#### [What the task asks]
Everything in the entries below must be reproduced exactly, except the images.

#### [Data in this exercise]
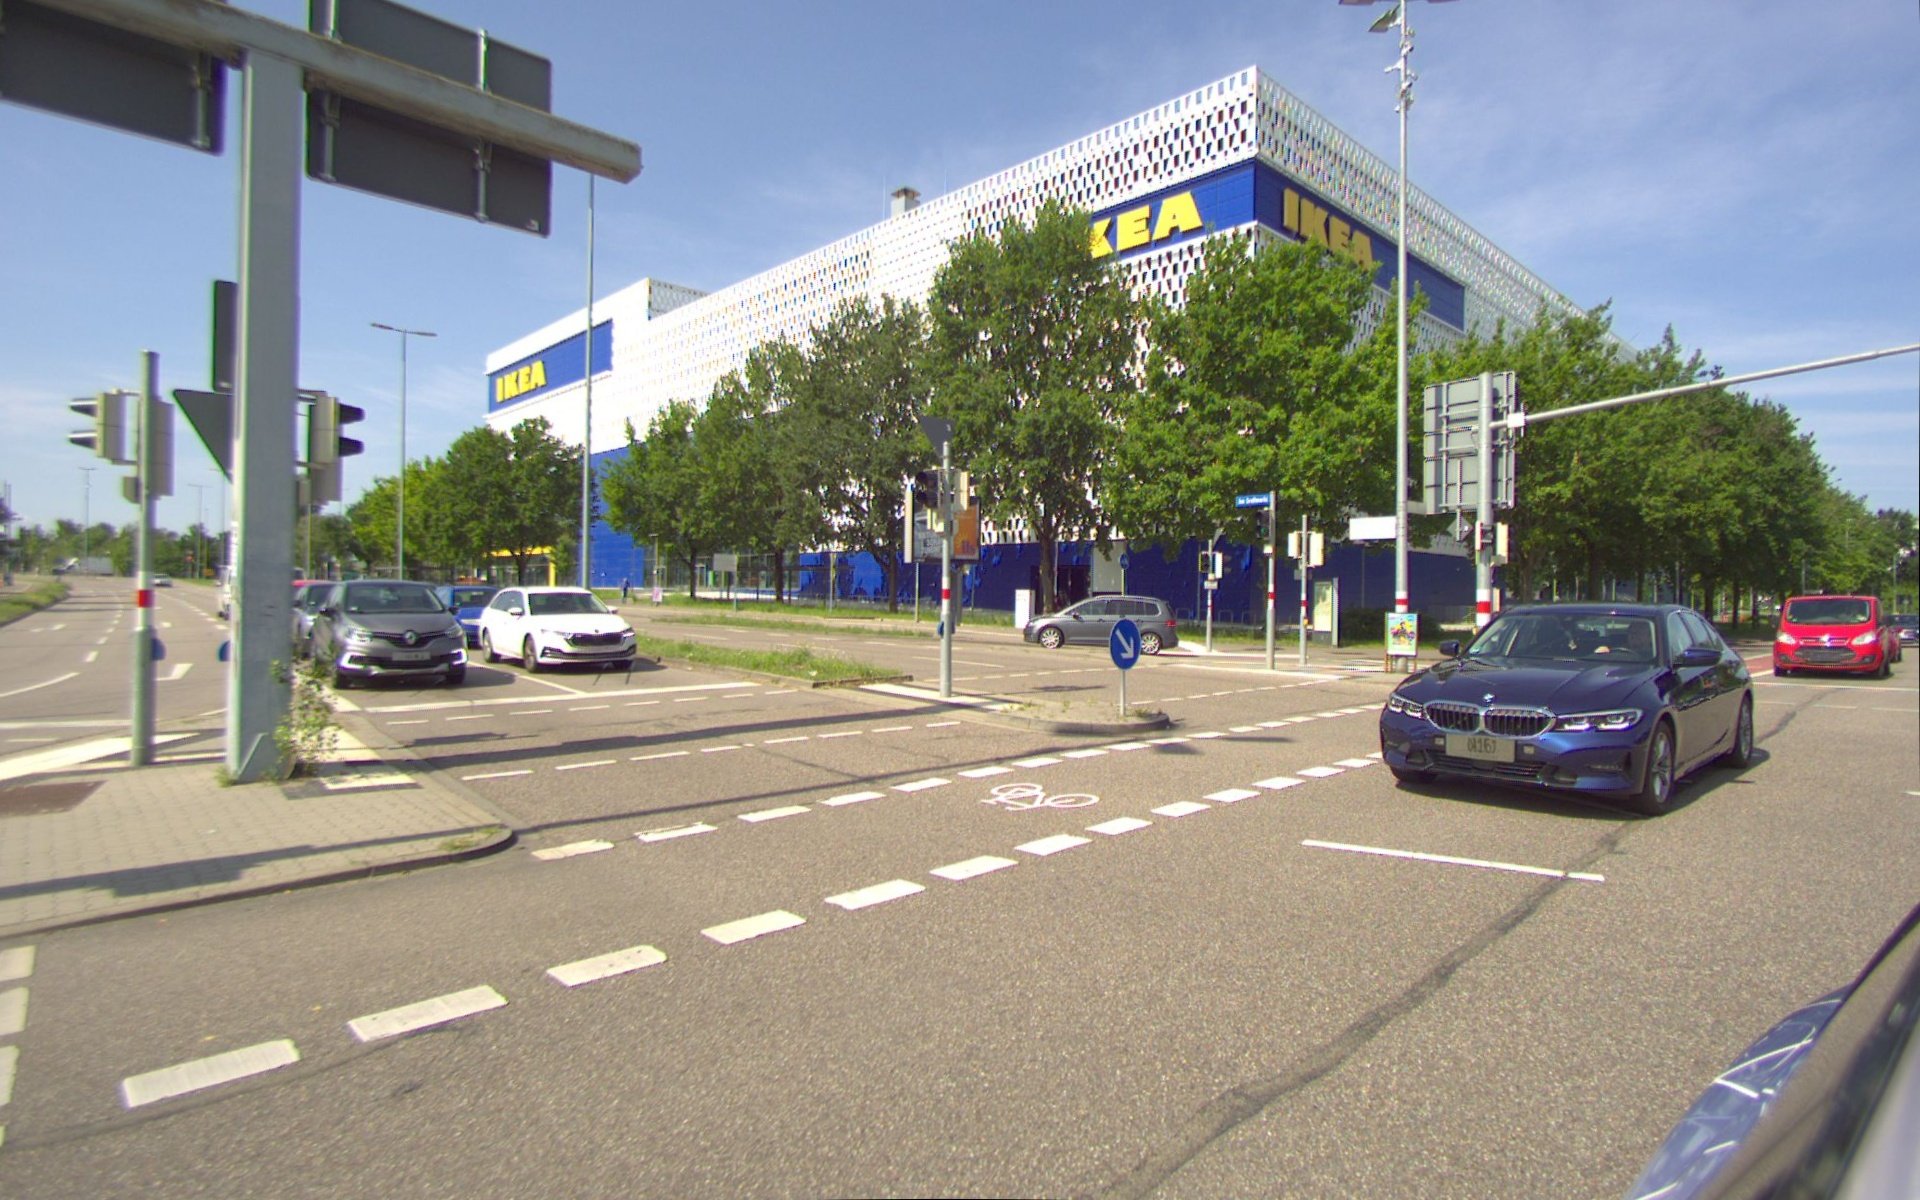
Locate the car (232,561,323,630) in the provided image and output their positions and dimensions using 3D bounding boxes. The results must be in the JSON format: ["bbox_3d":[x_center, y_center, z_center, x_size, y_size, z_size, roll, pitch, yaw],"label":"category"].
[{"bbox_3d":[-21.658,-0.192,32.038,1.928,2.000,4.684,-2,2,-39],"label":"car"}]

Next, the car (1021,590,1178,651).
[{"bbox_3d":[3.952,0.550,29.145,4.314,1.676,1.997,0,0,6],"label":"car"}]

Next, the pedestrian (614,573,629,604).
[{"bbox_3d":[-23.090,-0.776,68.989,0.596,2.039,0.674,-3,-2,32],"label":"pedestrian"}]

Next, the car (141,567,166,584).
[{"bbox_3d":[-86.158,-2.635,108.101,1.852,1.704,3.994,0,2,-42],"label":"car"}]

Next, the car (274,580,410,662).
[{"bbox_3d":[-13.206,0.365,21.538,1.875,1.527,4.036,-1,2,-40],"label":"car"}]

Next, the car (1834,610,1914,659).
[{"bbox_3d":[29.490,1.072,32.623,3.851,1.441,1.689,0,-1,-45],"label":"car"}]

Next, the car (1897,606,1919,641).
[{"bbox_3d":[44.867,1.067,47.135,1.645,1.560,3.936,-4,-3,44],"label":"car"}]

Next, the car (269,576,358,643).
[{"bbox_3d":[-16.690,0.213,26.065,1.570,1.595,3.478,1,0,-39],"label":"car"}]

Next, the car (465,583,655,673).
[{"bbox_3d":[-7.564,0.415,18.863,1.924,1.443,4.726,-1,1,-40],"label":"car"}]

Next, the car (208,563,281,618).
[{"bbox_3d":[-27.050,-0.381,38.214,1.880,1.960,4.784,-1,1,-40],"label":"car"}]

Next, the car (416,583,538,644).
[{"bbox_3d":[-11.685,0.275,24.351,1.694,1.359,4.051,-1,1,-40],"label":"car"}]

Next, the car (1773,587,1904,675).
[{"bbox_3d":[21.303,0.709,24.474,4.731,1.932,2.009,0,-2,-45],"label":"car"}]

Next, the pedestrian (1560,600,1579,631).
[{"bbox_3d":[31.709,0.789,52.663,0.767,1.566,0.679,1,0,-44],"label":"pedestrian"}]

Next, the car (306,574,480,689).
[{"bbox_3d":[-9.030,0.415,15.966,1.776,1.578,3.893,0,0,-39],"label":"car"}]

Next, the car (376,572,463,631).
[{"bbox_3d":[-16.335,0.018,30.494,1.653,1.640,4.127,0,0,-38],"label":"car"}]

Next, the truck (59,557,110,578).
[{"bbox_3d":[-135.266,-5.051,156.440,5.879,3.067,1.994,-1,-2,-45],"label":"truck"}]

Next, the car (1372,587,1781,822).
[{"bbox_3d":[5.301,0.660,8.419,4.461,1.447,1.797,1,-1,-43],"label":"car"}]

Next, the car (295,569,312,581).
[{"bbox_3d":[-94.734,-3.588,146.089,1.612,1.555,3.911,1,0,-40],"label":"car"}]

#### [Exercise solution]
Locate the car (232,561,323,630) in the provided image and output their positions and dimensions using 3D bounding boxes. The results must be in the JSON format: ["bbox_3d":[x_center, y_center, z_center, x_size, y_size, z_size, roll, pitch, yaw],"label":"category"].
[{"bbox_3d":[-21.658,-0.192,32.038,1.928,2.000,4.684,-2,2,-39],"label":"car"}]

Next, the car (1021,590,1178,651).
[{"bbox_3d":[3.952,0.550,29.145,4.314,1.676,1.997,0,0,6],"label":"car"}]

Next, the pedestrian (614,573,629,604).
[{"bbox_3d":[-23.090,-0.776,68.989,0.596,2.039,0.674,-3,-2,32],"label":"pedestrian"}]

Next, the car (141,567,166,584).
[{"bbox_3d":[-86.158,-2.635,108.101,1.852,1.704,3.994,0,2,-42],"label":"car"}]

Next, the car (274,580,410,662).
[{"bbox_3d":[-13.206,0.365,21.538,1.875,1.527,4.036,-1,2,-40],"label":"car"}]

Next, the car (1834,610,1914,659).
[{"bbox_3d":[29.490,1.072,32.623,3.851,1.441,1.689,0,-1,-45],"label":"car"}]

Next, the car (1897,606,1919,641).
[{"bbox_3d":[44.867,1.067,47.135,1.645,1.560,3.936,-4,-3,44],"label":"car"}]

Next, the car (269,576,358,643).
[{"bbox_3d":[-16.690,0.213,26.065,1.570,1.595,3.478,1,0,-39],"label":"car"}]

Next, the car (465,583,655,673).
[{"bbox_3d":[-7.564,0.415,18.863,1.924,1.443,4.726,-1,1,-40],"label":"car"}]

Next, the car (208,563,281,618).
[{"bbox_3d":[-27.050,-0.381,38.214,1.880,1.960,4.784,-1,1,-40],"label":"car"}]

Next, the car (416,583,538,644).
[{"bbox_3d":[-11.685,0.275,24.351,1.694,1.359,4.051,-1,1,-40],"label":"car"}]

Next, the car (1773,587,1904,675).
[{"bbox_3d":[21.303,0.709,24.474,4.731,1.932,2.009,0,-2,-45],"label":"car"}]

Next, the pedestrian (1560,600,1579,631).
[{"bbox_3d":[31.709,0.789,52.663,0.767,1.566,0.679,1,0,-44],"label":"pedestrian"}]

Next, the car (306,574,480,689).
[{"bbox_3d":[-9.030,0.415,15.966,1.776,1.578,3.893,0,0,-39],"label":"car"}]

Next, the car (376,572,463,631).
[{"bbox_3d":[-16.335,0.018,30.494,1.653,1.640,4.127,0,0,-38],"label":"car"}]

Next, the truck (59,557,110,578).
[{"bbox_3d":[-135.266,-5.051,156.440,5.879,3.067,1.994,-1,-2,-45],"label":"truck"}]

Next, the car (1372,587,1781,822).
[{"bbox_3d":[5.301,0.660,8.419,4.461,1.447,1.797,1,-1,-43],"label":"car"}]

Next, the car (295,569,312,581).
[{"bbox_3d":[-94.734,-3.588,146.089,1.612,1.555,3.911,1,0,-40],"label":"car"}]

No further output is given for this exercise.